__PROMPT__: Taking each line of the material in turn, count those with the string "size" and answer with the count alone.

● ● ● ● ●

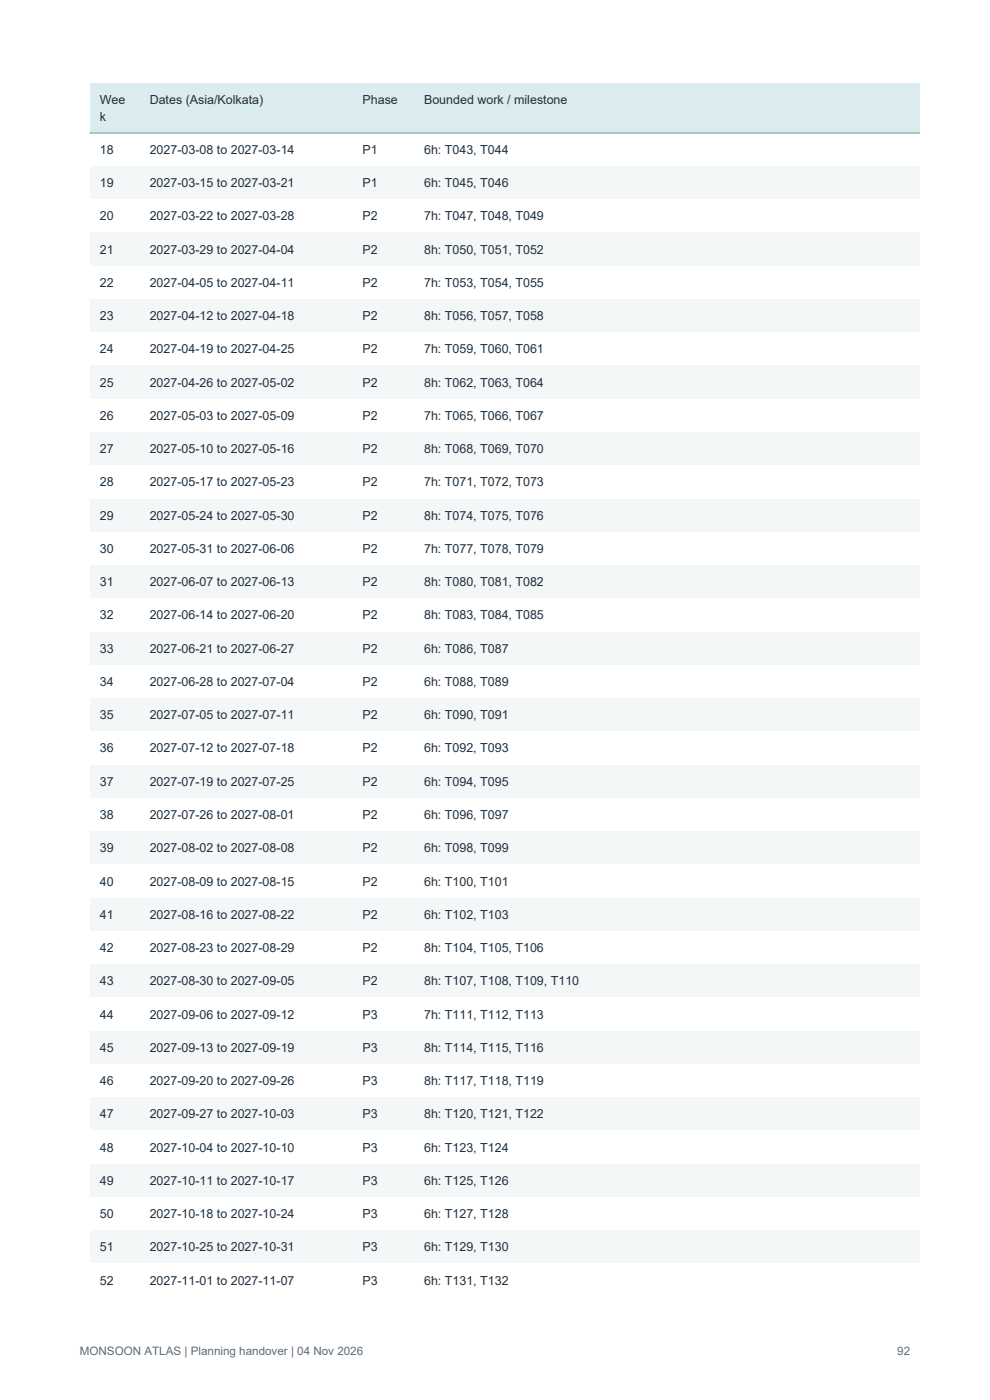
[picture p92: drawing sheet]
<svg xmlns="http://www.w3.org/2000/svg" width="210mm" height="297mm" viewBox="0 0 210 297" stroke-linecap="round" stroke-linejoin="round" font-family="sans-serif">
<defs><g id="words">
<g font-size="2.6" fill="#203040">
<text x="21.2" y="22">Wee</text>
<text x="31.7" y="22">Dates (Asia/Kolkata)</text>
<text x="76.9" y="22">Phase</text>
<text x="90" y="22">Bounded work / milestone</text>
<text x="21.2" y="25.6">k</text>
<text x="21.2" y="32.6">18</text>
<text x="31.7" y="32.6">2027-03-08 to 2027-03-14</text>
<text x="76.9" y="32.6">P1</text>
<text x="90" y="32.6">6h: T043, T044</text>
<text x="21.2" y="39.7">19</text>
<text x="31.7" y="39.7">2027-03-15 to 2027-03-21</text>
<text x="76.9" y="39.7">P1</text>
<text x="90" y="39.7">6h: T045, T046</text>
<text x="21.2" y="46.7">20</text>
<text x="31.7" y="46.7">2027-03-22 to 2027-03-28</text>
<text x="76.9" y="46.7">P2</text>
<text x="90" y="46.7">7h: T047, T048, T049</text>
<text x="21.2" y="53.8">21</text>
<text x="31.7" y="53.8">2027-03-29 to 2027-04-04</text>
<text x="76.9" y="53.8">P2</text>
<text x="90" y="53.8">8h: T050, T051, T052</text>
<text x="21.2" y="60.9">22</text>
<text x="31.7" y="60.9">2027-04-05 to 2027-04-11</text>
<text x="76.9" y="60.9">P2</text>
<text x="90" y="60.9">7h: T053, T054, T055</text>
<text x="21.2" y="67.9">23</text>
<text x="31.7" y="67.9">2027-04-12 to 2027-04-18</text>
<text x="76.9" y="67.9">P2</text>
<text x="90" y="67.9">8h: T056, T057, T058</text>
<text x="21.2" y="75">24</text>
<text x="31.7" y="75">2027-04-19 to 2027-04-25</text>
<text x="76.9" y="75">P2</text>
<text x="90" y="75">7h: T059, T060, T061</text>
<text x="21.2" y="82">25</text>
<text x="31.7" y="82">2027-04-26 to 2027-05-02</text>
<text x="76.9" y="82">P2</text>
<text x="90" y="82">8h: T062, T063, T064</text>
<text x="21.2" y="89.1">26</text>
<text x="31.7" y="89.1">2027-05-03 to 2027-05-09</text>
<text x="76.9" y="89.1">P2</text>
<text x="90" y="89.1">7h: T065, T066, T067</text>
<text x="21.2" y="96.1">27</text>
<text x="31.7" y="96.1">2027-05-10 to 2027-05-16</text>
<text x="76.9" y="96.1">P2</text>
<text x="90" y="96.1">8h: T068, T069, T070</text>
<text x="21.2" y="103.2">28</text>
<text x="31.7" y="103.2">2027-05-17 to 2027-05-23</text>
<text x="76.9" y="103.2">P2</text>
<text x="90" y="103.2">7h: T071, T072, T073</text>
<text x="21.2" y="110.2">29</text>
<text x="31.7" y="110.2">2027-05-24 to 2027-05-30</text>
<text x="76.9" y="110.2">P2</text>
<text x="90" y="110.2">8h: T074, T075, T076</text>
<text x="21.2" y="117.3">30</text>
<text x="31.7" y="117.3">2027-05-31 to 2027-06-06</text>
<text x="76.9" y="117.3">P2</text>
<text x="90" y="117.3">7h: T077, T078, T079</text>
<text x="21.2" y="124.4">31</text>
<text x="31.7" y="124.4">2027-06-07 to 2027-06-13</text>
<text x="76.9" y="124.4">P2</text>
<text x="90" y="124.4">8h: T080, T081, T082</text>
<text x="21.2" y="131.4">32</text>
<text x="31.7" y="131.4">2027-06-14 to 2027-06-20</text>
<text x="76.9" y="131.4">P2</text>
<text x="90" y="131.4">8h: T083, T084, T085</text>
<text x="21.2" y="138.5">33</text>
<text x="31.7" y="138.5">2027-06-21 to 2027-06-27</text>
<text x="76.9" y="138.5">P2</text>
<text x="90" y="138.5">6h: T086, T087</text>
<text x="21.2" y="145.5">34</text>
<text x="31.7" y="145.5">2027-06-28 to 2027-07-04</text>
<text x="76.9" y="145.5">P2</text>
<text x="90" y="145.5">6h: T088, T089</text>
<text x="21.2" y="152.6">35</text>
<text x="31.7" y="152.6">2027-07-05 to 2027-07-11</text>
<text x="76.9" y="152.6">P2</text>
<text x="90" y="152.6">6h: T090, T091</text>
<text x="21.2" y="159.6">36</text>
<text x="31.7" y="159.6">2027-07-12 to 2027-07-18</text>
<text x="76.9" y="159.6">P2</text>
<text x="90" y="159.6">6h: T092, T093</text>
<text x="21.2" y="166.7">37</text>
<text x="31.7" y="166.7">2027-07-19 to 2027-07-25</text>
<text x="76.9" y="166.7">P2</text>
<text x="90" y="166.7">6h: T094, T095</text>
<text x="21.2" y="173.7">38</text>
<text x="31.7" y="173.7">2027-07-26 to 2027-08-01</text>
<text x="76.9" y="173.7">P2</text>
<text x="90" y="173.7">6h: T096, T097</text>
<text x="21.2" y="180.8">39</text>
<text x="31.7" y="180.8">2027-08-02 to 2027-08-08</text>
<text x="76.9" y="180.8">P2</text>
<text x="90" y="180.8">6h: T098, T099</text>
<text x="21.2" y="187.9">40</text>
<text x="31.7" y="187.9">2027-08-09 to 2027-08-15</text>
<text x="76.9" y="187.9">P2</text>
<text x="90" y="187.9">6h: T100, T101</text>
<text x="21.2" y="194.9">41</text>
<text x="31.7" y="194.9">2027-08-16 to 2027-08-22</text>
<text x="76.9" y="194.9">P2</text>
<text x="90" y="194.9">6h: T102, T103</text>
<text x="21.2" y="202">42</text>
<text x="31.7" y="202">2027-08-23 to 2027-08-29</text>
<text x="76.9" y="202">P2</text>
<text x="90" y="202">8h: T104, T105, T106</text>
<text x="21.2" y="209">43</text>
<text x="31.7" y="209">2027-08-30 to 2027-09-05</text>
<text x="76.9" y="209">P2</text>
<text x="90" y="209">8h: T107, T108, T109, T110</text>
<text x="21.2" y="216.1">44</text>
<text x="31.7" y="216.1">2027-09-06 to 2027-09-12</text>
<text x="76.9" y="216.1">P3</text>
<text x="90" y="216.1">7h: T111, T112, T113</text>
<text x="21.2" y="223.1">45</text>
<text x="31.7" y="223.1">2027-09-13 to 2027-09-19</text>
<text x="76.9" y="223.1">P3</text>
<text x="90" y="223.1">8h: T114, T115, T116</text>
<text x="21.2" y="230.2">46</text>
<text x="31.7" y="230.2">2027-09-20 to 2027-09-26</text>
<text x="76.9" y="230.2">P3</text>
<text x="90" y="230.2">8h: T117, T118, T119</text>
<text x="21.2" y="237.2">47</text>
<text x="31.7" y="237.2">2027-09-27 to 2027-10-03</text>
<text x="76.9" y="237.2">P3</text>
<text x="90" y="237.2">8h: T120, T121, T122</text>
<text x="21.2" y="244.3">48</text>
<text x="31.7" y="244.3">2027-10-04 to 2027-10-10</text>
<text x="76.9" y="244.3">P3</text>
<text x="90" y="244.3">6h: T123, T124</text>
<text x="21.2" y="251.4">49</text>
<text x="31.7" y="251.4">2027-10-11 to 2027-10-17</text>
<text x="76.9" y="251.4">P3</text>
<text x="90" y="251.4">6h: T125, T126</text>
<text x="21.2" y="258.4">50</text>
<text x="31.7" y="258.4">2027-10-18 to 2027-10-24</text>
<text x="76.9" y="258.4">P3</text>
<text x="90" y="258.4">6h: T127, T128</text>
<text x="21.2" y="265.5">51</text>
<text x="31.7" y="265.5">2027-10-25 to 2027-10-31</text>
<text x="76.9" y="265.5">P3</text>
<text x="90" y="265.5">6h: T129, T130</text>
<text x="21.2" y="272.5">52</text>
<text x="31.7" y="272.5">2027-11-01 to 2027-11-07</text>
<text x="76.9" y="272.5">P3</text>
<text x="90" y="272.5">6h: T131, T132</text>
</g>
<g font-size="2.5" fill="#5a7077">
<text x="16.9" y="287.5">MONSOON ATLAS | Planning handover | 04 Nov 2026</text>
<text x="190.3" y="287.5">92</text>
</g>
</g></defs>
<path d="M19 17.6h176.1v10.6h-176.1z" fill-rule="evenodd" fill="#dbecee"/>
<path d="M19 28.2h176.1v7.1h-176.1z" fill-rule="evenodd" fill="#fff"/>
<path d="M19 35.3h176.1v7h-176.1z" fill-rule="evenodd" fill="#f4f7f8"/>
<path d="M19 42.3h176.1v7.1h-176.1z" fill-rule="evenodd" fill="#fff"/>
<path d="M19 49.4h176.1v7h-176.1z" fill-rule="evenodd" fill="#f4f7f8"/>
<path d="M19 56.4h176.1v7.1h-176.1z" fill-rule="evenodd" fill="#fff"/>
<path d="M19 63.5h176.1v7.1h-176.1z" fill-rule="evenodd" fill="#f4f7f8"/>
<path d="M19 70.6h176.1v7h-176.1z" fill-rule="evenodd" fill="#fff"/>
<path d="M19 77.6h176.1v7.1h-176.1z" fill-rule="evenodd" fill="#f4f7f8"/>
<path d="M19 84.7h176.1v7h-176.1z" fill-rule="evenodd" fill="#fff"/>
<path d="M19 91.7h176.1v7.1h-176.1z" fill-rule="evenodd" fill="#f4f7f8"/>
<path d="M19 98.8h176.1v7h-176.1z" fill-rule="evenodd" fill="#fff"/>
<path d="M19 105.8h176.1v7.1h-176.1z" fill-rule="evenodd" fill="#f4f7f8"/>
<path d="M19 112.9h176.1v7h-176.1z" fill-rule="evenodd" fill="#fff"/>
<path d="M19 119.9h176.1v7.1h-176.1z" fill-rule="evenodd" fill="#f4f7f8"/>
<path d="M19 127h176.1v7.1h-176.1z" fill-rule="evenodd" fill="#fff"/>
<path d="M19 134.1h176.1v7h-176.1z" fill-rule="evenodd" fill="#f4f7f8"/>
<path d="M19 141.1h176.1v7.1h-176.1z" fill-rule="evenodd" fill="#fff"/>
<path d="M19 148.2h176.1v7h-176.1z" fill-rule="evenodd" fill="#f4f7f8"/>
<path d="M19 155.2h176.1v7.1h-176.1z" fill-rule="evenodd" fill="#fff"/>
<path d="M19 162.3h176.1v7h-176.1z" fill-rule="evenodd" fill="#f4f7f8"/>
<path d="M19 169.3h176.1v7.1h-176.1z" fill-rule="evenodd" fill="#fff"/>
<path d="M19 176.4h176.1v7h-176.1z" fill-rule="evenodd" fill="#f4f7f8"/>
<path d="M19 183.4h176.1v7.1h-176.1z" fill-rule="evenodd" fill="#fff"/>
<path d="M19 190.5h176.1v7.1h-176.1z" fill-rule="evenodd" fill="#f4f7f8"/>
<path d="M19 197.6h176.1v7h-176.1z" fill-rule="evenodd" fill="#fff"/>
<path d="M19 204.6h176.1v7.1h-176.1z" fill-rule="evenodd" fill="#f4f7f8"/>
<path d="M19 211.7h176.1v7h-176.1z" fill-rule="evenodd" fill="#fff"/>
<path d="M19 218.7h176.1v7.1h-176.1z" fill-rule="evenodd" fill="#f4f7f8"/>
<path d="M19 225.8h176.1v7h-176.1z" fill-rule="evenodd" fill="#fff"/>
<path d="M19 232.8h176.1v7.1h-176.1z" fill-rule="evenodd" fill="#f4f7f8"/>
<path d="M19 239.9h176.1v7h-176.1z" fill-rule="evenodd" fill="#fff"/>
<path d="M19 246.9h176.1v7.1h-176.1z" fill-rule="evenodd" fill="#f4f7f8"/>
<path d="M19 254h176.1v7.1h-176.1z" fill-rule="evenodd" fill="#fff"/>
<path d="M19 261.1h176.1v7h-176.1z" fill-rule="evenodd" fill="#f4f7f8"/>
<path d="M19 268.1h176.1v7.1h-176.1z" fill-rule="evenodd" fill="#fff"/>
<path d="M19 28.2h176.1" fill="none" stroke="#69999c" stroke-width=".21"/>
<use href="#words"/>
</svg>

● ● ● ● ●

__REPLY__: 2